Rod spoke of the wonderful cocoon of support that surrounded him after the accident and his return after many weeks of rehabilitation.  He was accepted back into his circle of friends.  If anything it was expanded as people came out to join in the project of helping him.

As time went by and others moved on with their lives, the reality of what was lost sunk in as he attempted to make a new life for himself, forced to take a different path from the one he was on before the accident.  At that point a bout of depression set in.  It was some straight truth from his Mother that broke through to the heart of his will to live life to the fullest refusing to be defeated by his uncooperative limbs.

What struck me as I listened to him was that the key to his choosing life was a simple acceptance of himself just as he was.  That acceptance freed him to grow and challenge the limitations.

He shared that often his speaking engagements are with Children and Youth.  Having worked with Youth for almost half of my ministry, I remember just how those I served struggled to find self-acceptance.  Many were terrified of not being accepted by others to whom they gave the power to determine their value.  Most sought to discover exactly what to say and do, what to wear, how to wear their hair, with whom to be seen, so that they would not become the object of derision, or worse yet, simply a cipher.
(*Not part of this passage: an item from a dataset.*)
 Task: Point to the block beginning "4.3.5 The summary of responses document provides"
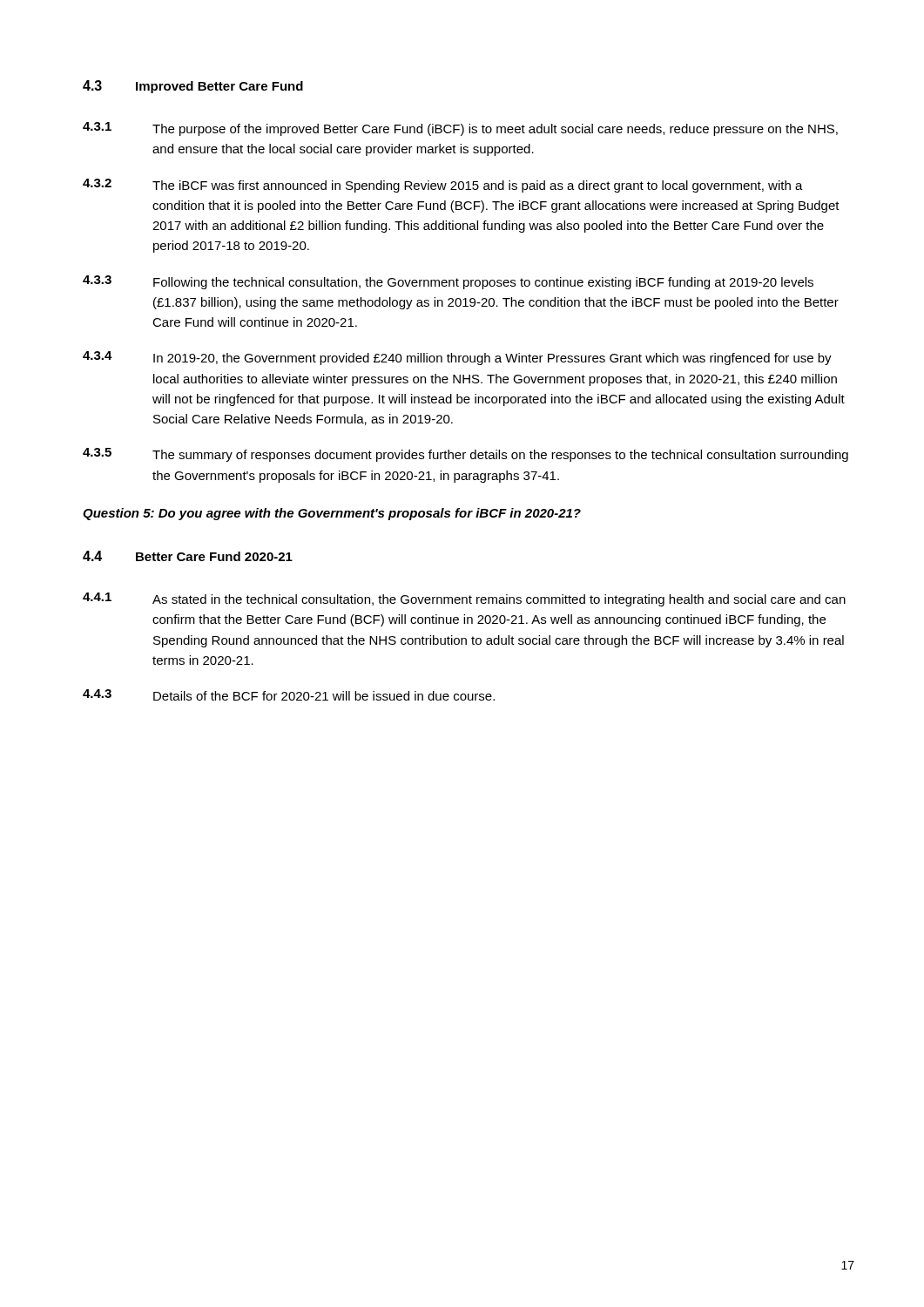(469, 465)
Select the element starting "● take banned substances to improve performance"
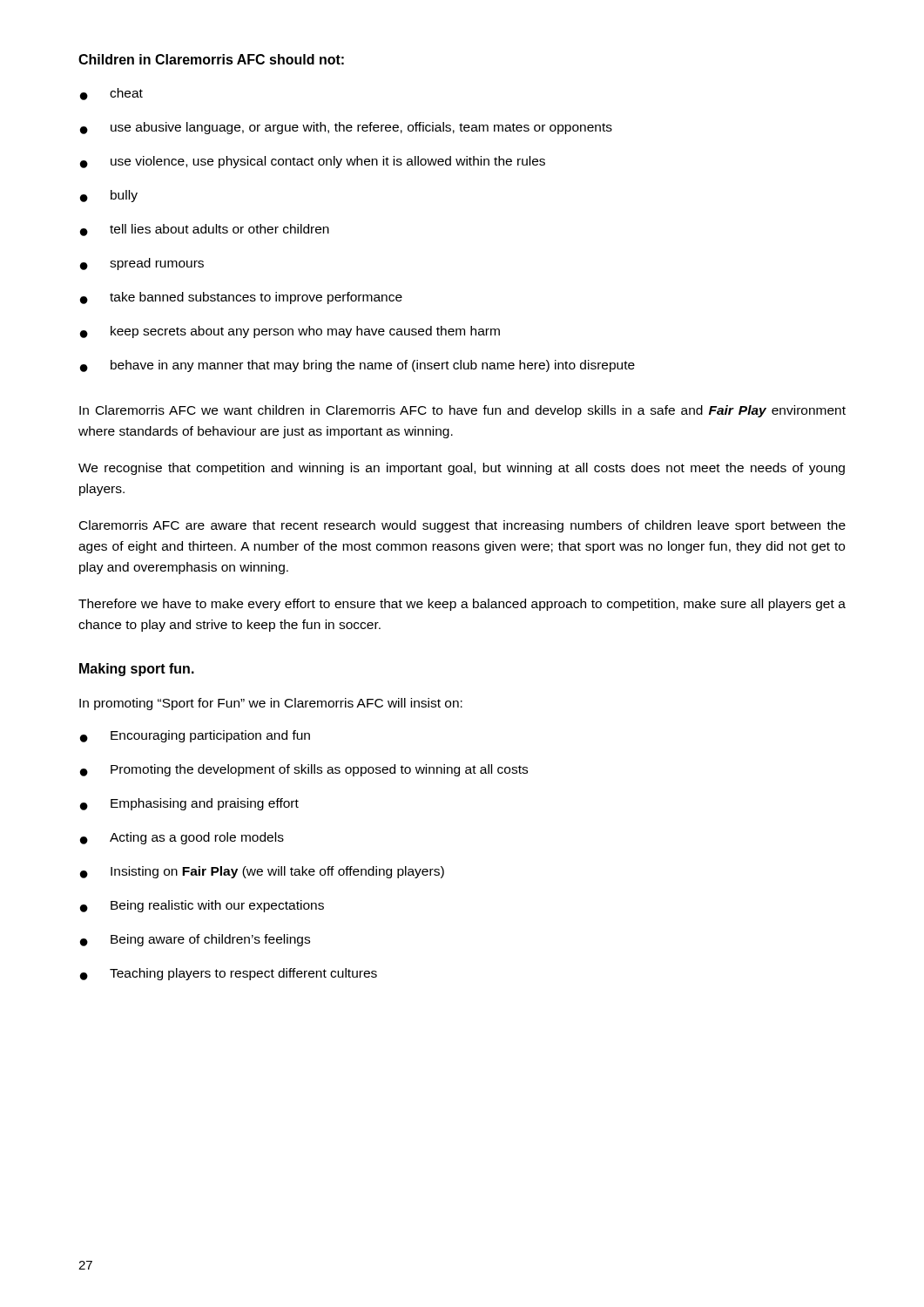The height and width of the screenshot is (1307, 924). tap(241, 298)

Rod’s message of finding self-acceptance in the body of a Quadriplegic seems to me to have potential for freeing those who see themselves as unacceptable for any reason.

Mary Ann has had to find a way to accept her value having lost many of the abilities that had provided a sense of worth.  In her case, the Parkinson’s provided the challenge to her self-acceptance.  She seems to have done remarkably well at moving through her days with a certain confidence about who she is.

When I retired, I began a journey toward a new understanding of myself that did not revolve around my profession.  The journey toward self-acceptance is not over.

Each of us as we move from one time to another in our lives, leave behind certain abilities, relationships, untraveled paths.  We all need to find the way to some level of self-acceptance to be free to live.

The courage of a Quadriplegic informs all of us as uncooperative limbs cease to define his worth and value.  He is what he is.  Knowing that, he has become more than he could have imagined.